= Sudbury Outdoor Adventure Reels Film Festival =

The Sudbury Outdoor Adventure Reels Film Festival is an annual film festival, launched in Greater Sudbury, Ontario in 2021. A partnership of the Sudbury Indie Cinema Co-op and Laurentian University's program in outdoor adventure leadership, the festival presents a selection of local and international films on outdoor and wilderness adventure and travel.

==History==
The festival was launched after the Banff Mountain Film Festival, whose annual national touring circuit of films about outdoor sport and adventure had included a stop at Laurentian University for many years, cancelled its 2020 tour due to the COVID-19 pandemic in Canada.
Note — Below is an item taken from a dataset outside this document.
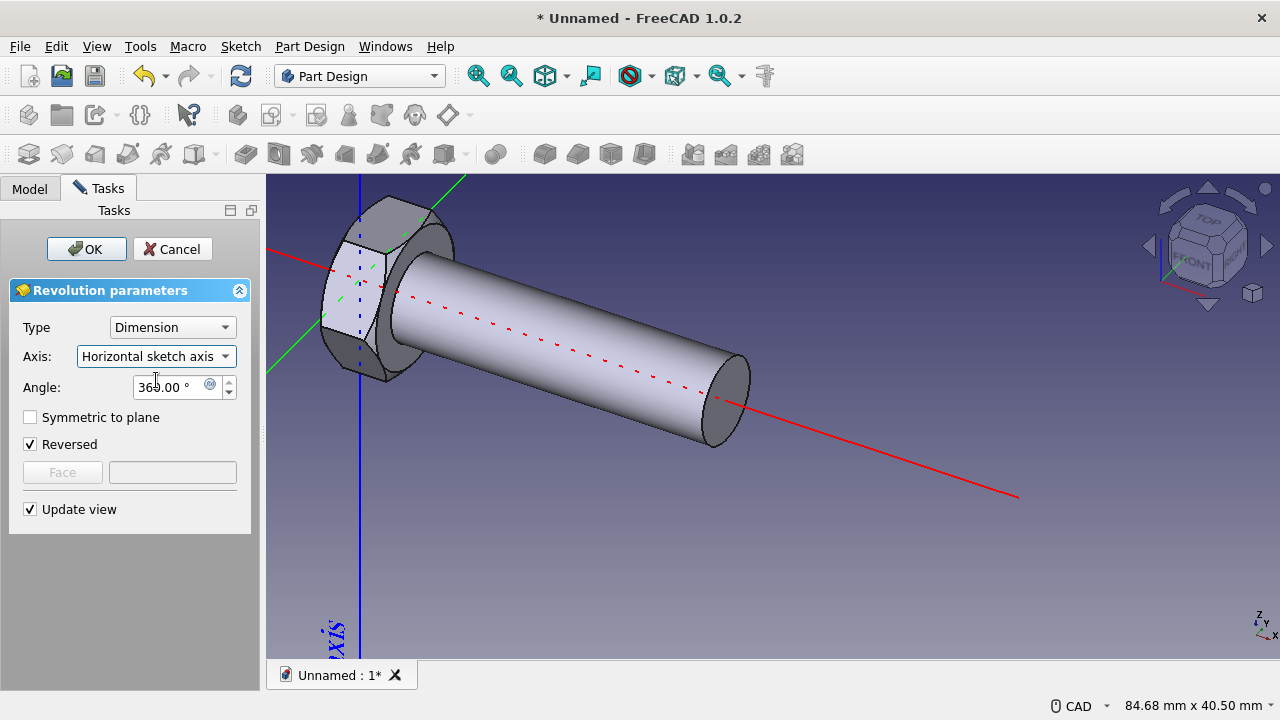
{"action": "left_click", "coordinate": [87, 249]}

In response, ADVL coordinator Jim Little contacted the Sudbury Indie Cinema Coop to collaborate on launching their own new festival; Sudbury Indie Cinema director Beth Mairs had also previously been the owner of Wild Women Expeditions, an operator of outdoor adventure tourism programs for women.

The inaugural festival had originally been planned for early 2021, although its launch was ultimately delayed until October. Films screened at the inaugural edition included The Wall of Shadows, Home: The Outward Journey Inward, Cholitas, On Falling, North of Nightfall, Bear-Like and The Rescue, as well as a program of short films.